The most commonly employed separators have a cellulosic structure in the form of cellophane (regenerated cellulose by the Xanthate process) or fibrous sausage casing (prepared from cotton linters). These separators are catonic-diffusion controlled semipermeable membranes; i.e., during the charge and discharge processes they favor the diffusion of hydrated potassium ions.
Tests show that shorting by zinc penetration through diffusion-type separators usually results in partial shorts; zincate ions have difficulty in diffusing through the highly tortuous interstices of these separators. Zinc dendrites that reach the nickel sinter of the nickel cathode electrode are apparently dissolved by the vigorous local action between zinc and the nickel sinter at a rate equal to or greater than the regrowth of new zinc dendrites into the nickel cathode compartment. The net result is a minute reduction in potential between the zinc anode and nickel cathode.
A serious disadvantage of solely using several layers in the diffusion-type separator is that they usually cause the formation of large concentration gradients, particularly when employed as several layers. Large concentration gradients produce electro-osmotic pumping effects which promote washing and shape change of the zinc anodes with the resulting loss of capacity by the cell.

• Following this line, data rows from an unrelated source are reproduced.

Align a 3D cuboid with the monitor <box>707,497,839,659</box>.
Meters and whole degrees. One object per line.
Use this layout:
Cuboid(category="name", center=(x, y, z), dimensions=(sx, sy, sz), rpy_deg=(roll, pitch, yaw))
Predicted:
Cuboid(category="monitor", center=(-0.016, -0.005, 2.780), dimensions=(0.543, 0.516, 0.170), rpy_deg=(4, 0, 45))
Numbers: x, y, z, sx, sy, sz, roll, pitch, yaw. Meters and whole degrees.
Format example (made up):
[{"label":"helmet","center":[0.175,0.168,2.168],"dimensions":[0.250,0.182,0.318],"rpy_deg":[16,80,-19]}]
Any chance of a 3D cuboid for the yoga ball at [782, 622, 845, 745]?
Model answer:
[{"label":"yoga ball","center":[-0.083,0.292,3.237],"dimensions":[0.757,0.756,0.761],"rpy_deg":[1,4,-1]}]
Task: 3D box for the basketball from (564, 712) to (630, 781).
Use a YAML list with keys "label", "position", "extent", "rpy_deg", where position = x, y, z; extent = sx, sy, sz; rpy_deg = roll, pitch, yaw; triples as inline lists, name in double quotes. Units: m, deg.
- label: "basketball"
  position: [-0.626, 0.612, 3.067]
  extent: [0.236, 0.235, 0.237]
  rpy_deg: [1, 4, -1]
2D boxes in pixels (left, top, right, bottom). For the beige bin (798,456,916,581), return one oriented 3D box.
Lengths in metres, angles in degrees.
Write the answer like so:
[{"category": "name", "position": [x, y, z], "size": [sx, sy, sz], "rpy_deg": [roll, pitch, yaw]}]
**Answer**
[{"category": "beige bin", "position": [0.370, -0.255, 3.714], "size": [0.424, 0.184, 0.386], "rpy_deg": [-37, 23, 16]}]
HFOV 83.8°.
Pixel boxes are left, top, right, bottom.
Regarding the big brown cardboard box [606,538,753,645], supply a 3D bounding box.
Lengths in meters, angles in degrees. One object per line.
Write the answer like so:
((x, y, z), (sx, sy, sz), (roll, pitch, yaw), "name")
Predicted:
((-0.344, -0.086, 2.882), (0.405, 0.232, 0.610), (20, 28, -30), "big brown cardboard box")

On the other hand, mass transport-type membranes minimize the formation of large concentration gradients. Unfortunately, in the case of these mass-transport separators, zincate ion mobility is not impeded, and zinc dendrites are generated in the open micropores. These zinc dendrites then reach the nickel cathodes as a front within a relatively short time. The resulting short is massive between the zinc anode and the nickel cathode.